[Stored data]
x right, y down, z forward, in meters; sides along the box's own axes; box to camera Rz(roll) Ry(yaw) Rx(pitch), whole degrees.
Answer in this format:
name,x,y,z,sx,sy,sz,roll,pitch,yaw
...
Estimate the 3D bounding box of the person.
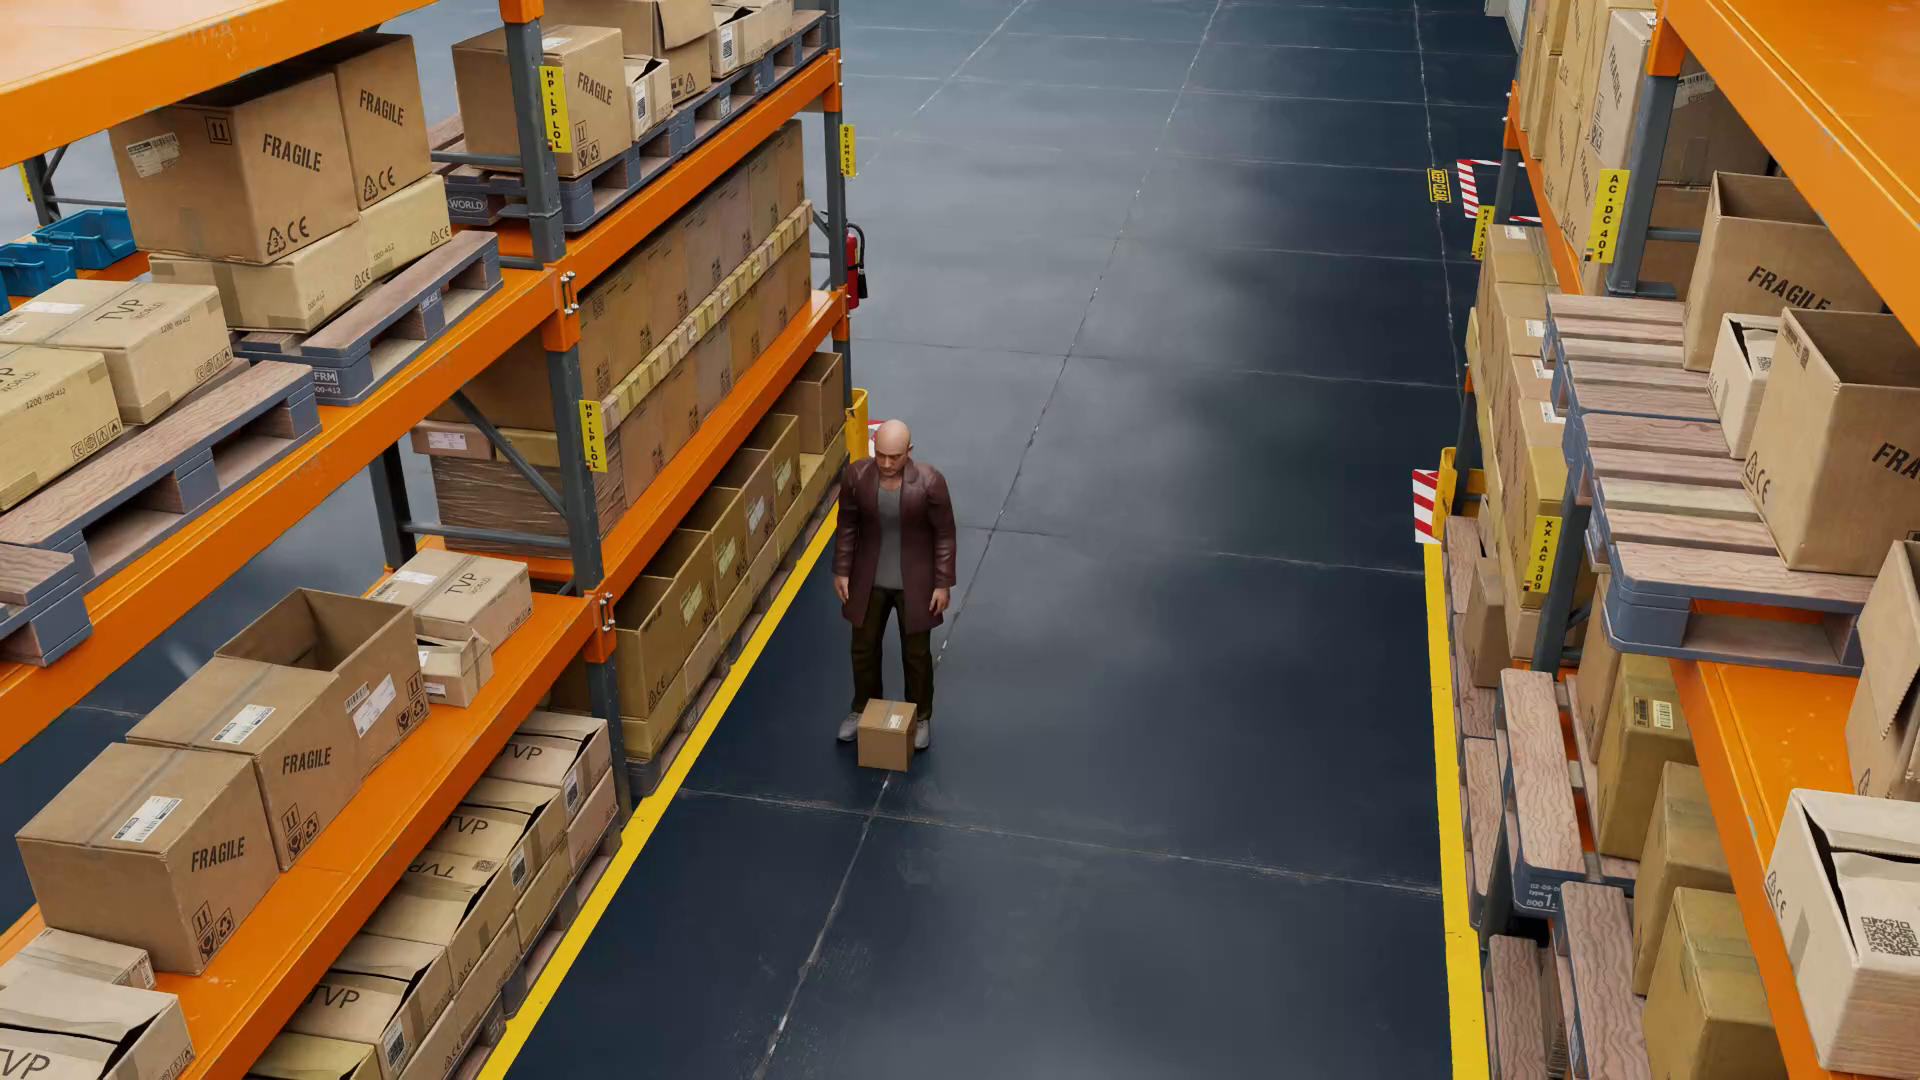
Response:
name,x,y,z,sx,sy,sz,roll,pitch,yaw
person,-0.332,0.281,8.312,0.641,1.592,0.428,6,29,11

ACTIVITY: Output each line above exactly. Skip the images.

EXERCISE OUTPUT:
x right, y down, z forward, in meters; sides along the box's own axes; box to camera Rz(roll) Ry(yaw) Rx(pitch), whole degrees.
Answer in this format:
name,x,y,z,sx,sy,sz,roll,pitch,yaw
...
Estimate the 3D bounding box of the person.
Response:
name,x,y,z,sx,sy,sz,roll,pitch,yaw
person,-0.332,0.281,8.312,0.641,1.592,0.428,6,29,11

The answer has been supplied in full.